Your goal:
Your response should contain each line of the data that includes "stroke".

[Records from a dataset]
-----

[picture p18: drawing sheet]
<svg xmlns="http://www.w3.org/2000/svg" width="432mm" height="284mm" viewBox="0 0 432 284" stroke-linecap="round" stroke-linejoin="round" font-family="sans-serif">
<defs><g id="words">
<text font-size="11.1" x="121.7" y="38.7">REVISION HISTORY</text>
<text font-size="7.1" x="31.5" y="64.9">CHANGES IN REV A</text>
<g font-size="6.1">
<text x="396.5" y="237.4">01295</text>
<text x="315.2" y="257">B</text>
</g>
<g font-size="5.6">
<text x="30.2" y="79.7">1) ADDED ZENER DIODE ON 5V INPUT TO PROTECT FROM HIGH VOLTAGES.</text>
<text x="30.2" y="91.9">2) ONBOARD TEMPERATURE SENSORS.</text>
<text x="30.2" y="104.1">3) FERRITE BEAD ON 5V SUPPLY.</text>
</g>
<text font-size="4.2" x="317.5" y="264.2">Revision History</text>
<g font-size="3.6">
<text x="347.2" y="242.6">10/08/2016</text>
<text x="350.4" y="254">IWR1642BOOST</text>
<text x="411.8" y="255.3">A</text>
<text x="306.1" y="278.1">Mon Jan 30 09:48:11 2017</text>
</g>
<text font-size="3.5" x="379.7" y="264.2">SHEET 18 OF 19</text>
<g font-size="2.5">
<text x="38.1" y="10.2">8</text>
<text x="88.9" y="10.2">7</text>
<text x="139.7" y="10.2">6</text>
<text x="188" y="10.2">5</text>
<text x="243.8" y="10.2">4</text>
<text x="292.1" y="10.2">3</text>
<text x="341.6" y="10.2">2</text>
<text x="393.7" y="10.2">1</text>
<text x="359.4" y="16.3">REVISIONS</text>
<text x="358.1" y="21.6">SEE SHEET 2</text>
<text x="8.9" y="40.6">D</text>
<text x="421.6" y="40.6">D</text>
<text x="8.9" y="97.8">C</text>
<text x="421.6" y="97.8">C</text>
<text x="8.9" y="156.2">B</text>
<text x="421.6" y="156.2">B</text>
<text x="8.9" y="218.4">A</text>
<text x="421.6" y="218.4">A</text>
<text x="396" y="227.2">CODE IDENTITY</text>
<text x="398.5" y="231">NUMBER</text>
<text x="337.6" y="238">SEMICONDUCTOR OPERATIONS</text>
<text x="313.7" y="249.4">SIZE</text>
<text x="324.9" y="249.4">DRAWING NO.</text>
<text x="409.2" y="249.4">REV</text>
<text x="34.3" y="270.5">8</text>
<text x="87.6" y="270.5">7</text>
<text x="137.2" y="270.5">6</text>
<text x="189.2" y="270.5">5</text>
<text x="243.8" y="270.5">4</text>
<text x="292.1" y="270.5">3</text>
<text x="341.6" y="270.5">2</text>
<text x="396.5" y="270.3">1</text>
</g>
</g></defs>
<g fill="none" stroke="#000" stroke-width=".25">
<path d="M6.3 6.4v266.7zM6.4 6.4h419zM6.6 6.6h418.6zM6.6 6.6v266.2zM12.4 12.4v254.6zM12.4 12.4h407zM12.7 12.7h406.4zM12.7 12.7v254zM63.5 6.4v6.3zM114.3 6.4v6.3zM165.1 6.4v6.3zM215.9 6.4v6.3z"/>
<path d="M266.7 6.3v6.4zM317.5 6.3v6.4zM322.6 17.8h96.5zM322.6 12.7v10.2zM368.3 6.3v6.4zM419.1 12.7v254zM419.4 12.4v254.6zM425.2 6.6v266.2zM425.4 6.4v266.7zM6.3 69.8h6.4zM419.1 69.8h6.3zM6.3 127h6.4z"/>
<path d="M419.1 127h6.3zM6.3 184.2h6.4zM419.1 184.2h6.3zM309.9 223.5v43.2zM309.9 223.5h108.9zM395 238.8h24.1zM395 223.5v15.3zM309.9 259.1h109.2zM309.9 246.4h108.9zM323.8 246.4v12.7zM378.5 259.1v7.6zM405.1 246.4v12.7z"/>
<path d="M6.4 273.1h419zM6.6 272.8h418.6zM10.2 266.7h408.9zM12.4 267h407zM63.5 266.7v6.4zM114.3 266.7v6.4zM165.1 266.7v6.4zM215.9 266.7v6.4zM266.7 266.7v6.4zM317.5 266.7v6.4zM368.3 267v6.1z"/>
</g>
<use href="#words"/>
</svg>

-----

Answer to this problem:
<svg xmlns="http://www.w3.org/2000/svg" width="432mm" height="284mm" viewBox="0 0 432 284" stroke-linecap="round" stroke-linejoin="round" font-family="sans-serif">
<g fill="none" stroke="#000" stroke-width=".25">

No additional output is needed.